By now, you’re presumably familiar with the story of the new Land Rover Defender: the controversy over its looks, the debate over whether its unibody construction makes it unworthy of the Defender name, the fact that it’s become a pillar of the lineup with more variants planned. It was our choice for one of the most important vehicles to go on sale last year, and we stand by that decision with pride.
All of this, however, has largely been spearheaded by the four-door version that Land Rover rolled out first – the Defender 110. Getting that variant on the road (and off it) first makes sense; after all, two-door vehicles have been largely outré for Americans for some time, with coupes and convertibles drifting away year by year and even the original two-door Jeep Wrangler now being vastly outsold by its four-door sibling.
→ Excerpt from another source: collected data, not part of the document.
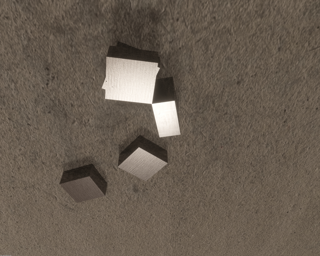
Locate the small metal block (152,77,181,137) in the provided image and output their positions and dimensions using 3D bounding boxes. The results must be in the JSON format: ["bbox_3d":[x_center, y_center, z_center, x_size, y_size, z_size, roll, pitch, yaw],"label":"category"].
[{"bbox_3d":[0.008,-0.025,0.370,0.025,0.050,0.050,-8,130,6],"label":"small metal block"}]

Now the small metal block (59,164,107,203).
[{"bbox_3d":[-0.117,0.086,0.479,0.050,0.025,0.050,-16,129,13],"label":"small metal block"}]

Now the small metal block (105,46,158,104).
[{"bbox_3d":[-0.030,-0.055,0.327,0.050,0.025,0.050,6,130,-5],"label":"small metal block"}]

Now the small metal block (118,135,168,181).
[{"bbox_3d":[-0.025,0.044,0.445,0.050,0.025,0.050,32,123,-25],"label":"small metal block"}]

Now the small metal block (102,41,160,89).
[{"bbox_3d":[-0.033,-0.063,0.353,0.050,0.025,0.050,18,128,-15],"label":"small metal block"}]
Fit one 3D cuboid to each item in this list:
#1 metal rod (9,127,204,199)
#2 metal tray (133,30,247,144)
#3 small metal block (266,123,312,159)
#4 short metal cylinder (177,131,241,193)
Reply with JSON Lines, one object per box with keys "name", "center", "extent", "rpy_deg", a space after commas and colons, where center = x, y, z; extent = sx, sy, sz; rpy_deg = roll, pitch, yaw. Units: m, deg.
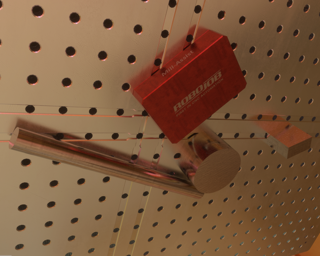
{"name": "metal rod", "center": [-0.046, 0.058, 0.423], "extent": [0.302, 0.025, 0.025], "rpy_deg": [23, 106, -37]}
{"name": "metal tray", "center": [0.042, -0.051, 0.401], "extent": [0.130, 0.030, 0.090], "rpy_deg": [-39, 130, -2]}
{"name": "small metal block", "center": [0.221, 0.021, 0.532], "extent": [0.050, 0.050, 0.025], "rpy_deg": [-21, 127, -17]}
{"name": "short metal cylinder", "center": [0.074, 0.052, 0.470], "extent": [0.081, 0.050, 0.079], "rpy_deg": [-14, 125, -21]}
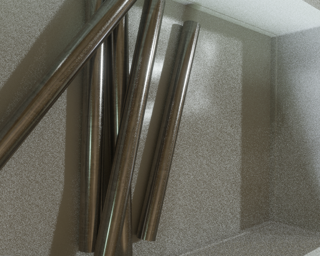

Still, for many people, the word Defender sounds best only when followed by the word Ninety. The Land Rover Defender’s ancestor, the original Series I, started out as a two-door short-wheelbase vehicle; the Defender 90 has carried on that tradition through the decades. And while today’s version might be vastly different from prior ones, it’s still very much true to that basic template of being a boxy two-door Land Rover.
Is the Defender 90 new?

More or less. The Defender 90 is the shorter, two-door version of the 110 that went on sale last year, but apart from the missing length, it’s effectively identical to that SUV — mechanically, electronically and design-wise in equal measure.